I distinctly remember the heat wave that hit Europe in the summer of 2003. I had been spending several weeks every summer doing research in France, so I was quite familiar with the weather there: Daytime temperatures in the lower 30s Celsius, occasionally peaking in the upper 30s. You can imagine my shocked reaction when 15,000 people died there (among at least 50,000 in Europe) during the early days of August, when temperatures hit 40 C for days. Having lived in the Gulf for years, 40 C did not seem like conditions that could kill tens of thousands.
More detailed reports, however, explained that most of the dead involved elderly people who lived alone and had not been prepared as to how to behave in very hot conditions (drink and wash all day) or how to notice worrying signs in one’s body and immediately call for help.
That heat wave brought to the fore an important social development of the second half of the 20th century: A big increase in the number of single-person households. A survey conducted in the US in 2018 found 35.7 million Americans living alone, making up 28 percent of households (44 percent in Manhattan, New York City). Similar trends have been reported in northern Europe.
Further studies highlighted a related — but subtly different — phenomenon: The so-called loneliness epidemic and its serious health effects. A famous study equated the effect with smoking 15 cigarettes a day. Many ailments have been associated with loneliness, such as depression, anxiety, heart conditions, substance abuse, dementia, and self-harm. In fact, any serious illness will be worsened by loneliness and the absence of social support. No surprise then that, in 2018, the UK appointed a minister of loneliness.
Now, before I relate all this to the coronavirus disease (COVID-19), I must make two important remarks.
First, loneliness is not the same as living alone. One can live with a spouse and even children, have a social network, and still feel lonely. And, conversely, a person can live alone but have such a rich social life that they don’t feel lonely. A simple distinction is: Living alone just describes one’s living conditions, whereas loneliness describes one’s sense of having fewer or poorer social relations than one wishes to have. This subjective feeling is affected by one’s level of happiness and success, and observations of how others live and interact.

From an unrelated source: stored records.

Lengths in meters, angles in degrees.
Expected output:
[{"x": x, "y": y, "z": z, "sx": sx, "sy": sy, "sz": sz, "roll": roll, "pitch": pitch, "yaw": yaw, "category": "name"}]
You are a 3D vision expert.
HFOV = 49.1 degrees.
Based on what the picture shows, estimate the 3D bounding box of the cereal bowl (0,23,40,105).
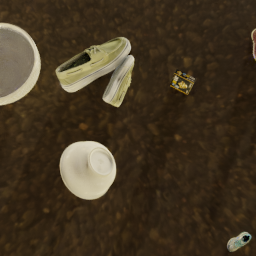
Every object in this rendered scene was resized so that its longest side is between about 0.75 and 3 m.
[{"x": -4.444, "y": -2.092, "z": 9.820, "sx": 2.907, "sy": 1.210, "sz": 2.907, "roll": 0, "pitch": 74, "yaw": 0, "category": "cereal bowl"}]

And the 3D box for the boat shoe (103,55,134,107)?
[{"x": -0.231, "y": -1.683, "z": 10.058, "sx": 0.635, "sy": 0.737, "sz": 2.049, "roll": 35, "pitch": 71, "yaw": -25, "category": "boat shoe"}]

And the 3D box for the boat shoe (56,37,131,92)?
[{"x": -1.174, "y": -2.390, "z": 9.909, "sx": 2.947, "sy": 0.914, "sz": 1.061, "roll": -39, "pitch": 54, "yaw": -9, "category": "boat shoe"}]

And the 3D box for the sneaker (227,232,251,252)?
[{"x": 3.438, "y": 3.513, "z": 8.659, "sx": 0.846, "sy": 0.365, "sz": 0.328, "roll": -34, "pitch": 77, "yaw": -9, "category": "sneaker"}]

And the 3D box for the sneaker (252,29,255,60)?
[{"x": 4.996, "y": -3.154, "z": 10.280, "sx": 0.593, "sy": 0.905, "sz": 1.567, "roll": -6, "pitch": 74, "yaw": -2, "category": "sneaker"}]

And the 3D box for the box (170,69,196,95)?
[{"x": 1.910, "y": -1.606, "z": 9.823, "sx": 0.750, "sy": 0.940, "sz": 0.232, "roll": 31, "pitch": 75, "yaw": 8, "category": "box"}]

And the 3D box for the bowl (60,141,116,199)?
[{"x": -0.808, "y": 0.894, "z": 6.673, "sx": 1.476, "sy": 0.663, "sz": 1.476, "roll": 23, "pitch": 51, "yaw": -32, "category": "bowl"}]

My second remark is that more recent studies have weakened the causal link between loneliness and ailments. There is definitely a correlation with depression, heart conditions, and so forth, but it is not clear whether one causes the other or whether there are underlying conditions that relate the two.
The issue has recently started to receive attention in the Arab world, particularly in relation to other social trends, such as high rates of divorce, sociopolitical strife in several countries, and the impact of social media on personal relations. For instance, one may be surprised to learn that 10 percent of young people (ages 16 to 24) report feeling lonely “often or always,” compared to only 3 percent of people aged 65 or more. Clearly, constantly comparing one’s life to others’ and the distorted impressions given by social media are having a negative effect on youngsters.
Another surprising result of recent studies is that loneliness has not increased in recent decades, contrary to what we may think. Again, perceptions and the media have distorted realities.
The problem is that loneliness is often difficult to acknowledge, much less discuss. People unconsciously consider loneliness to be a sign of social failure.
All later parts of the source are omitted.